Looking for leadership from healthcare societies in Kansas

I have been looking on the web for evidence that professional healthcare societies in Kansas acknowledge that medical errors are a serious problem. I did find one statement on the website of the Kansas Healthcare Collaborative (KHC, an organization formed by the Kansas Hospital Association and the Kansas Medical Society). On the “For Consumers” page is the statement “Medical errors cause tens of thousands of deaths each year. But you can help. Get more involved with your health care.” (They provide link to the Agency for Healthcare Research and Quality, but it is broken. It should go here.)

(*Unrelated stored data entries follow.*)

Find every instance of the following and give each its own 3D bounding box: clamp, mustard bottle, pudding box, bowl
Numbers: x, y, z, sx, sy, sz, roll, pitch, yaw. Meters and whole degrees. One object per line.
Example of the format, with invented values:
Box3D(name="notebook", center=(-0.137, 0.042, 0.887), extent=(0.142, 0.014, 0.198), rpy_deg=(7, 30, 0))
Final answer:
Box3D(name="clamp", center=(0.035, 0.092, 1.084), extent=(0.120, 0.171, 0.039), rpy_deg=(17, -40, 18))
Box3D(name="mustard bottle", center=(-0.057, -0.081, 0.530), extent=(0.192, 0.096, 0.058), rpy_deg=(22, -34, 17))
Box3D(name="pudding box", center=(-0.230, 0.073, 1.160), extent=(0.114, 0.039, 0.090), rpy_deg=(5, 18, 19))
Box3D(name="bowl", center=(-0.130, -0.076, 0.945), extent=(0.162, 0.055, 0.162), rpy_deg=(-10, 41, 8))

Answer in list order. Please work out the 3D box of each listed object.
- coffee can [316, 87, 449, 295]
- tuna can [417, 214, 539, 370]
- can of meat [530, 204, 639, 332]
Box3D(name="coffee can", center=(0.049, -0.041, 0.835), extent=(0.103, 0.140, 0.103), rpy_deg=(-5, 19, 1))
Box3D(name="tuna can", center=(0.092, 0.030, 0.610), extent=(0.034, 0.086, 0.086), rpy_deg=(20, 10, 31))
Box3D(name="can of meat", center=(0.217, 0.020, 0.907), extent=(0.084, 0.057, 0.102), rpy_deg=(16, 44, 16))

It is good to see the epidemic of medical errors has, in this small way, been publicly acknowledged by a professional healthcare society in Kansas. And I completely agree that patients should be doing whatever they can to help reduce errors. But ultimately, the responsibility for reducing errors lies with healthcare workers and healthcare organizations. And the leaders of those healthcare organizations.

I poked around some more on the KHC website and found this page about the the Kansas Hospital Engagement Network. At the bottom of that page are slides from HEN Week Presentations in Chicago back in May 2012, including slides from a presentation titled Leading Change / Bucking the Trend, by Jim Conway. Might this be about leadership? It was. And one particular slide caught my attention. It had the phrase “Creative tension” and referenced a paper from the journal Sloan Management Review.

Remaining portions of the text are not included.